Шрифт:
Интервал:
Закладка:
– Скоро все закончится. Я тебе обещаю.
Все или не все, но приемные часы точно подходили к концу – Камилла еще раз обняла Веру и, сказав, что приедет снова послезавтра, ушла. Клетка открылась и закрылась, снова лязгнув тяжелым замком.
4
Одна из соседок Веры заметила, что у нее в руках оказался телефон, и попросила позвонить… До отбоя Вера своей трубку так и не видела, но ей было не до того – горечь сжимала горло: женщина звонила мужу, плакала и повторяла «Скоро выйду, любимый, любимый!». Совсем как заключенная. «Сидела» в токсикологии уже почти месяц, и это был не первый раз – рецидивы с наркотиками, по ее рассказам, повторялись часто.
Вера услышала истории и других соседок. У одной из женщин, молодой, симпатичной и полнотелой, была маленькая дочь – о ней заботилась ее бабушка. Нина воскликнула: «Какой методон, у тебя ведь ребенок! Она же тебя любит!» Женщина расплакалась в ответ и сказала, что ошиблась и это было в последний раз.
Напротив – совсем юная девушка с огромными глазами, пухлыми губами и длинными черными волосами. Очень красивая. Они с Верой были примерно одного возраста и примерно с одной историей – та перебрала с таблетками, поругавшись со своим парнем. Днем он приезжал к ней, привез телефон и кучу сладостей, они молча сидели обнявшись почти весь час.
Светловолосая Нина, ей было около сорока пяти, тоже оказалась жертвой неудавшегося самоубийства, да и причина – та же. «Ничего мне уже не нужно от жизни. Не могу без него».
5
Вечер тянулся и тянулся, Вера читала привезенного ей Водолазкина. Часам к девяти доставили в палату еще одну пациентку.

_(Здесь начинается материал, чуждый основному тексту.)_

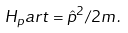<formula> <loc_0><loc_0><loc_500><loc_500>H _ { p } a r t = \hat { p } ^ { 2 } / 2 m \, .</formula> 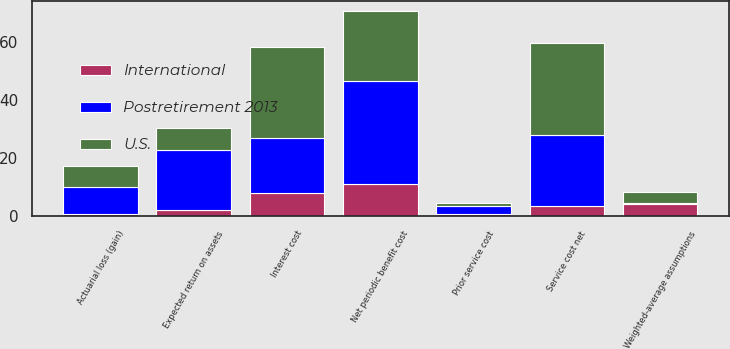Convert chart. <chart><loc_0><loc_0><loc_500><loc_500><stacked_bar_chart><ecel><fcel>Service cost net<fcel>Interest cost<fcel>Expected return on assets<fcel>Actuarial loss (gain)<fcel>Prior service cost<fcel>Net periodic benefit cost<fcel>Weighted-average assumptions<nl><fcel>U.S.<fcel>31.6<fcel>31.2<fcel>7.7<fcel>7.4<fcel>0.7<fcel>24.1<fcel>3.6<nl><fcel>Postretirement 2013<fcel>24.8<fcel>19.1<fcel>20.8<fcel>9.2<fcel>2.9<fcel>35.8<fcel>0.5<nl><fcel>International<fcel>3.4<fcel>8<fcel>2<fcel>0.8<fcel>0.8<fcel>11<fcel>4.1<nl></chart> 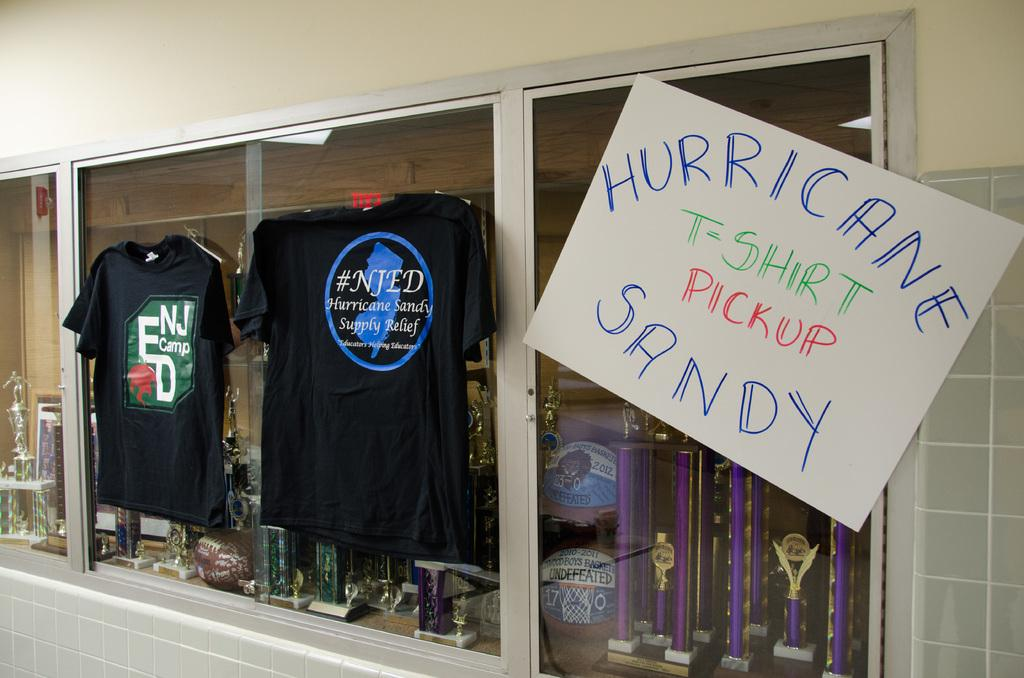<image>
Offer a succinct explanation of the picture presented. a hurricane t shirt pickup sign that is outside

Лица на ней будто бы не было. Голая, прикрытая простыней. Ножевое в груди. Худая, бледная, как скелет. Говорить тоже не могла, как и есть, пить, ходить в туалет. Ее привезли на кушетке, установили спинку почти на девяносто градусов, поставили капельницу и ушли. Когда принесли ужин (его Вера в очередной раз есть отказалась), молодая медсестра попыталась ее покормить, но успешным это предприятие назвать нельзя было от слова совсем. Обычно миски после пышных трапез забирали, но всей палатой дамы попросили тарелку новоприбывшей оставить, вдруг захочет есть.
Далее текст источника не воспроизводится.